The pros and cons of short sales

April 27, 2008|By ARNOLD S. PLATOU

WASHINGTON COUNTY - It sounds great, but watch your step.

There are quagmires among the latest kinds of deals homeowners - and bargain hunters - are reaching for as economic troubles continue, the top official with the Pen-Mar Regional Association of Realtors warns.

"Bottom line: It is not as clean-cut, the end of the rainbow, as everyone seems to think," said Joan McLernon, president-elect of the 800-member group.

And it's a buyer-beware market for those looking to find bargains as homeowners and lenders alike try to sell the properties, others caution.


Based on interviews with industry representatives, here is a guide to some of the pitfalls and pluses.

Short sales can occur when a lender agrees to let a property be sold for less than what the owner owes.

On the plus side, the deal allows a homeowner to avoid foreclosure and bankruptcy. And having a short sale on your credit record is less of a black mark than foreclosure because you are making it possible for the lender to get back most of what he's owed, as opposed to leaving him totally in the lurch.

On the other hand, "What a lot of buyers aren't seeing with foreclosure or short sale is the length of time between when you make an offer and when it's ultimately accepted, signed off and returned to you," McLernon said.

And, while you wait, somebody else could make an offer that's higher, she said.

"So, on the surface, it might look as though you're going to get a great deal," but if another offer comes in, there isn't always time to get back to the person who made the first offer," McLernon said. "And so, that's why you tell your people you need to go in with your best offer."

Demanding payment

More alarming, perhaps, is this: Say you owe $100,000 and the lender agrees to accept just $95,000. According to McLernon, the lender still can demand that $5,000 later.

"A lot of people think, 'If the lender agrees, that's it.

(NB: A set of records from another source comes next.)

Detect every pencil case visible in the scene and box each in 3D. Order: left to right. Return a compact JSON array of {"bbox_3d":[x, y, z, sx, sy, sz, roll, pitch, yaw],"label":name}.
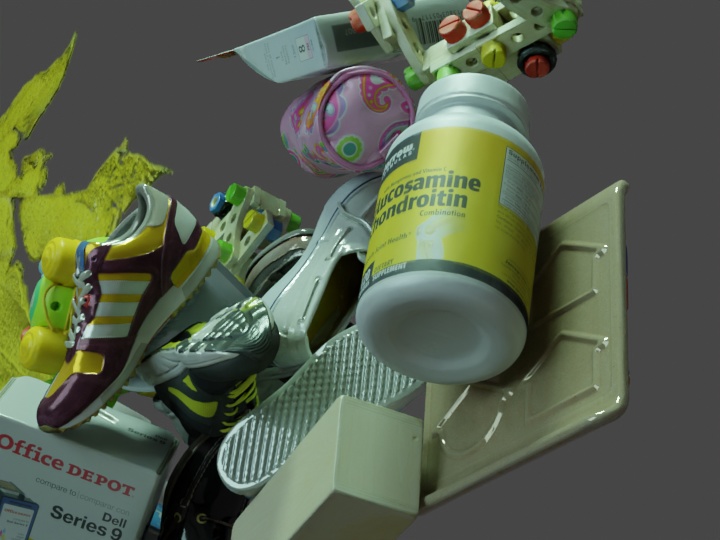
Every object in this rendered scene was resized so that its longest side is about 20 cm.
[{"bbox_3d":[-0.011,-0.118,1.385,0.088,0.087,0.200,-63,9,-4],"label":"pencil case"}]

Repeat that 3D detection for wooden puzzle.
[{"bbox_3d":[0.115,0.057,1.127,0.185,0.046,0.201,-33,35,40],"label":"wooden puzzle"}]

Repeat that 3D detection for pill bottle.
[{"bbox_3d":[0.065,-0.033,1.135,0.112,0.112,0.201,-32,36,41],"label":"pill bottle"}]

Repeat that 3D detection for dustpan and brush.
[{"bbox_3d":[-0.191,0.062,1.368,0.200,0.140,0.057,-46,2,14],"label":"dustpan and brush"}]

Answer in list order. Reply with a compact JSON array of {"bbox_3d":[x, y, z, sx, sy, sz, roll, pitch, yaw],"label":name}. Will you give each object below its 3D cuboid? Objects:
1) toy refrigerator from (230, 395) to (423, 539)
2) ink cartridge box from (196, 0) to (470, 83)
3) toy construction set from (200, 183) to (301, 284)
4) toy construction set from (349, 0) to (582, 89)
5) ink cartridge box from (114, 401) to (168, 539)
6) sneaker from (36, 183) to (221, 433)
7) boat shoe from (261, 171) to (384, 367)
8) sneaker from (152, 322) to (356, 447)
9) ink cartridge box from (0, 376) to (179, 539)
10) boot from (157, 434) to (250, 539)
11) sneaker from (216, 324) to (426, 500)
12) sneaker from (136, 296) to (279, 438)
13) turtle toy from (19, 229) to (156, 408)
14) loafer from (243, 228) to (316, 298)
[{"bbox_3d":[-0.026,0.174,1.176,0.200,0.070,0.076,128,155,-46],"label":"toy refrigerator"},{"bbox_3d":[-0.022,-0.187,1.446,0.200,0.162,0.057,-14,91,56],"label":"ink cartridge box"},{"bbox_3d":[-0.130,-0.003,1.530,0.199,0.092,0.132,-30,40,26],"label":"toy construction set"},{"bbox_3d":[0.083,-0.195,1.280,0.199,0.131,0.093,-13,50,36],"label":"toy construction set"},{"bbox_3d":[-0.240,0.222,1.498,0.147,0.086,0.200,-52,28,14],"label":"ink cartridge box"},{"bbox_3d":[-0.196,0.028,1.285,0.200,0.090,0.075,-54,22,-21],"label":"sneaker"},{"bbox_3d":[-0.002,-0.003,1.312,0.086,0.075,0.202,3,41,40],"label":"boat shoe"},{"bbox_3d":[-0.070,0.098,1.370,0.199,0.080,0.074,-20,17,31],"label":"sneaker"},{"bbox_3d":[-0.245,0.205,1.339,0.088,0.144,0.201,-76,7,-75],"label":"ink cartridge box"},{"bbox_3d":[-0.112,0.229,1.301,0.201,0.073,0.151,-63,27,4],"label":"boot"},{"bbox_3d":[-0.013,0.103,1.261,0.199,0.082,0.074,-32,64,4],"label":"sneaker"},{"bbox_3d":[-0.098,0.077,1.261,0.074,0.085,0.200,-37,8,-24],"label":"sneaker"},{"bbox_3d":[-0.231,0.061,1.447,0.101,0.145,0.201,8,83,57],"label":"turtle toy"},{"bbox_3d":[-0.079,0.045,1.419,0.200,0.072,0.063,-46,32,40],"label":"loafer"}]

They're done,'" she said.

"It may be lender-specific, however in general, the lenders do have the right to come back and demand payment later, unless negotiated as part of the short sale," McLernon said. "It falls under a provision of the promissory note that the seller signed when they purchased the property originally."

But Anna Couffer, a marketing/settlement agent with Tri-State Signature Settlements, said that's not true of all lenders.

Couffer, who specializes in short sales, said for the lenders she deals with, the "release of lien" means just that.

"There's no them coming back," she said.

Realtor Tina Nash, who also specializes in short-sale negotiations, said she specifically makes settlement of the entire debt part of her negotiations.

There is a difference in how negotiators are paid.

Nash, for instance, said she gets nothing if the deal isn't approved. If it is, she is paid by the lender, she said.

But even that fee can be open to negotiation, said Alison Tavik of the Maryland Bankers Association. She said a banker told her recently that he might tell a homeowner's negotiator, "'Hey, you normally get more, but here, you only get 1 percent.'"

Couffer said she doesn't charge anything. She said she figures if the lender pays her, that "takes away" from what else must be approved in the deal.

She said her only compensation comes if the property is sold through a short sale. Then, she said, she asks the Realtors involved that her firm be hired as the titling company.